There is a five-year look-back period starting with the transaction date. This means the IRS can look back five years from the date the executive received the excess benefit and impose the tax if he or she was a disqualified person at any time during this period. The term disqualified person can apply to that person's immediate family as well as to family-controlled entities. (The law defines control as 35% of the total combined voting power.) Congress clearly did not want executives to divert benefits to family members by way of family-controlled businesses or trusts. Independent contractors, including advisers, do not fall within these rules since they presumably do not hold positions of influence in the organization.

A parallel five-year look-back rule applies in determining qualifying organizations. If an entity was a section 501(c)(3) or (c)(4) organization at any time within the five years before the transaction date, section 4958(e) considers it a qualifying organization.

An excess benefit is one a disqualified person receives that exceeds the value of the benefit the organization gets in return, including the value of services he or she performs. For example, the IRS would consider an executive with a salary and benefits greater than those of comparable executives performing comparable work at similar organizations to be in receipt of an excess benefit subject to the section 4958 excise tax.

The legislative history shows that when valuing compensation, NPOs and their executives can use either for-profit or nonprofit comparables. In a footnote to the committee report accompanying the 1996 legislation, the House of Representatives said that "an individual need not necessarily accept reduced compensation merely because he or she renders services to a tax-exempt, as opposed to a taxable, organization." The 2001 regulations also specify executives can use for-profit comparables.

THE BINDING CONTRACT EXCEPTION

A transitional rule in the 1996 legislation allows an executive to continue receiving excess benefits when there is a long-standing affiliation between a disqualified person and the organization. Congress included this exception for written contracts that were binding on September 13, 1995, and, at all times thereafter, up to and including the transaction date.

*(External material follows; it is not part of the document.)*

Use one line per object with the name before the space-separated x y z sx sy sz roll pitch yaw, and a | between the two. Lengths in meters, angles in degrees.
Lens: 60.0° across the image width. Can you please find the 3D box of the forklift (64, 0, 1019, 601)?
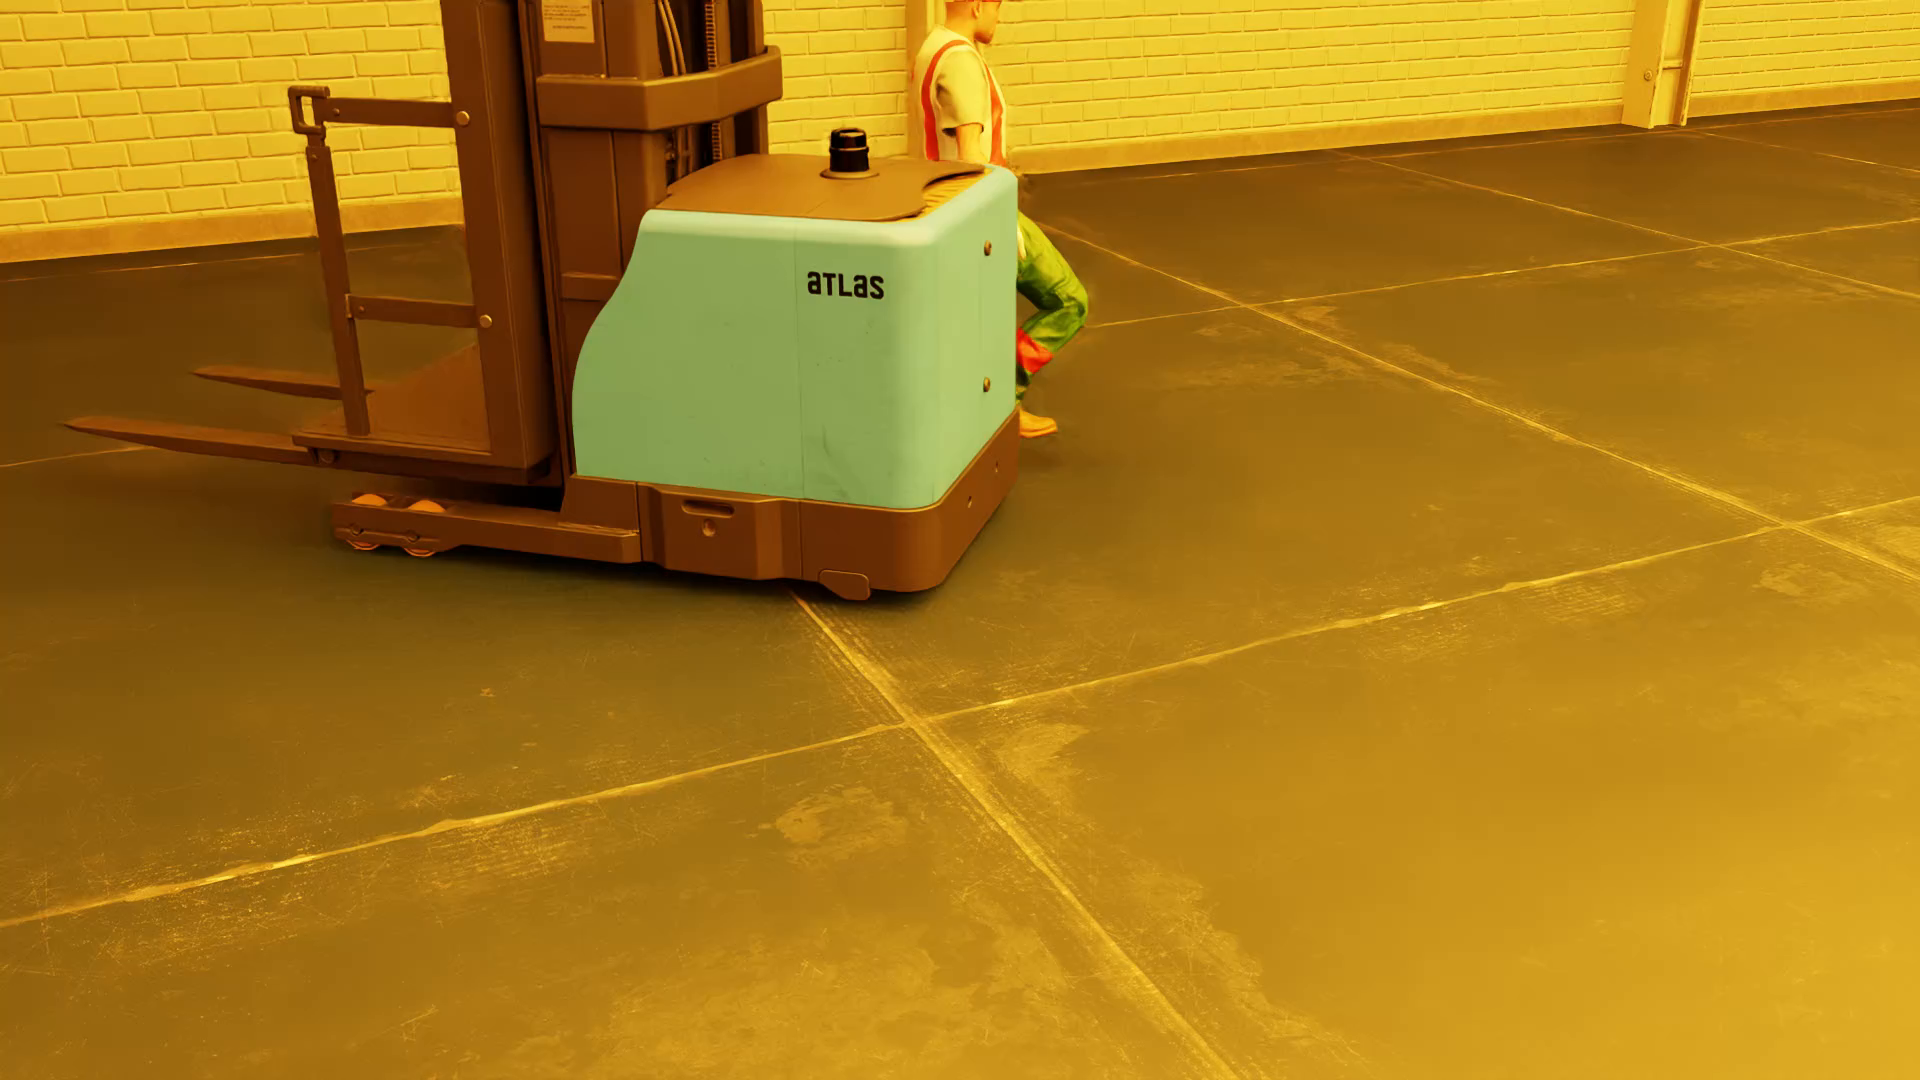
forklift | -1.386 -1.488 4.869 3.031 2.935 1.130 6 23 15

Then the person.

The rest of this article is only available to active members of Questia

Sign up now for a free, 1-day trial and receive full access to:

  • Questia's entire collection
  • Automatic bibliography creation
  • More helpful research tools like notes, citations, and highlights
  • Ad-free environment

Already a member? Log in now.

Notes for this article

Add a new note
If you are trying to select text to create highlights or citations, remember that you must now click or tap on the first word, and then click or tap on the last word.
One moment ...
Project items

Items saved from this article

This article has been saved
Highlights (0)
Some of your highlights are legacy items.

Highlights saved before July 30, 2012 will not be displayed on their respective source pages.

You can easily re-create the highlights by opening the book page or article, selecting the text, and clicking “Highlight.”

Citations (0)
Some of your citations are legacy items.

Any citation created before July 30, 2012 will labeled as a “Cited page.” New citations will be saved as cited passages, pages or articles.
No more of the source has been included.